The results showed that the phase separator enabled a considerable reduction in SS, which was reduced in its entirety at this stage, obtaining an efficiency of 100%. In addition, TSS, turbidity, and COD were also reduced when swine wastewater was treated using the mechanical separator. This system allowed considerable reductions in nitrogen (KN, NH₄⁺, and ON), which were obtained mainly in the wetland cells. However, the cations and anions showed different efficiencies in the treatment system, and, in some cases, the final concentrations were even higher than the initial ones, which could be explained by their release from the substrate.

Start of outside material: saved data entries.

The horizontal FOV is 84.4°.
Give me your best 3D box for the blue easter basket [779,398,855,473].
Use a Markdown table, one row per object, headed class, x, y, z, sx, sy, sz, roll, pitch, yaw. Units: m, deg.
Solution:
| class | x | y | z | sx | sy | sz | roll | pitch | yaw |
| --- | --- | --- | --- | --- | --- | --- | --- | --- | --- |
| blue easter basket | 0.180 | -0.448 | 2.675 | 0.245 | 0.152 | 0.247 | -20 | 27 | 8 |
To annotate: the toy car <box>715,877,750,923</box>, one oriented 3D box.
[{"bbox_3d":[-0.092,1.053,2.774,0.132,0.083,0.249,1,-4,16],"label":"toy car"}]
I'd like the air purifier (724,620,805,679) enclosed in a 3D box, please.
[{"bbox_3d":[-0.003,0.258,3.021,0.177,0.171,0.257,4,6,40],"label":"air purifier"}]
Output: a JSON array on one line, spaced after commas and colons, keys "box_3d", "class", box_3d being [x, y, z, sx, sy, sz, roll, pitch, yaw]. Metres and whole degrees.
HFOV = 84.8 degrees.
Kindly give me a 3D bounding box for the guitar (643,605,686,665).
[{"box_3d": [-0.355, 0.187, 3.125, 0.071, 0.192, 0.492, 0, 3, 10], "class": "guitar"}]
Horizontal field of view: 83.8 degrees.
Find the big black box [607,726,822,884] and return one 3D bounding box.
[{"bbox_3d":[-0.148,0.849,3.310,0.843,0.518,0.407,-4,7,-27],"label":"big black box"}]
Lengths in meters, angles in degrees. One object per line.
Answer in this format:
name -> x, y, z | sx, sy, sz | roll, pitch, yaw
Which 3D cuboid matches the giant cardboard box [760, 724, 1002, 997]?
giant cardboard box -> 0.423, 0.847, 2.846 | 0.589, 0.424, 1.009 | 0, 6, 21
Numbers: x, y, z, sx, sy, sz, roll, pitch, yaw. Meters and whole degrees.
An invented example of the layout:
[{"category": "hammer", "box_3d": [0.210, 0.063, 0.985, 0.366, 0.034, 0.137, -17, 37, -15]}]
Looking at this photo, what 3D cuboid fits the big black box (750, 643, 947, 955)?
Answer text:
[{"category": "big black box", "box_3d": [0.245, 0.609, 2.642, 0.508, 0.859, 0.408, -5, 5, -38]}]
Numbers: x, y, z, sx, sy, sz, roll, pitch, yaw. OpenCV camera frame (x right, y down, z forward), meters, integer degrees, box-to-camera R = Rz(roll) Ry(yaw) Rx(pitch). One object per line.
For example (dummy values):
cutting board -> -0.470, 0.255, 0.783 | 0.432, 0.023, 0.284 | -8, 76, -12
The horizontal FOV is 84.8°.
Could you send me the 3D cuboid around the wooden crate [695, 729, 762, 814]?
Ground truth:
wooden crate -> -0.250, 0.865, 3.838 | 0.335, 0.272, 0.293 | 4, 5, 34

Therefore, it can be established that the integrated slurry treatment system with biofilters (constructed wetlands) is effective in reducing the concentrations of some compounds, thus contributing to a higher-quality treated pig slurry, which can be used for its sustainable agronomic valorization, and, in turn, leads to savings in inorganic fertilizers and irrigation water.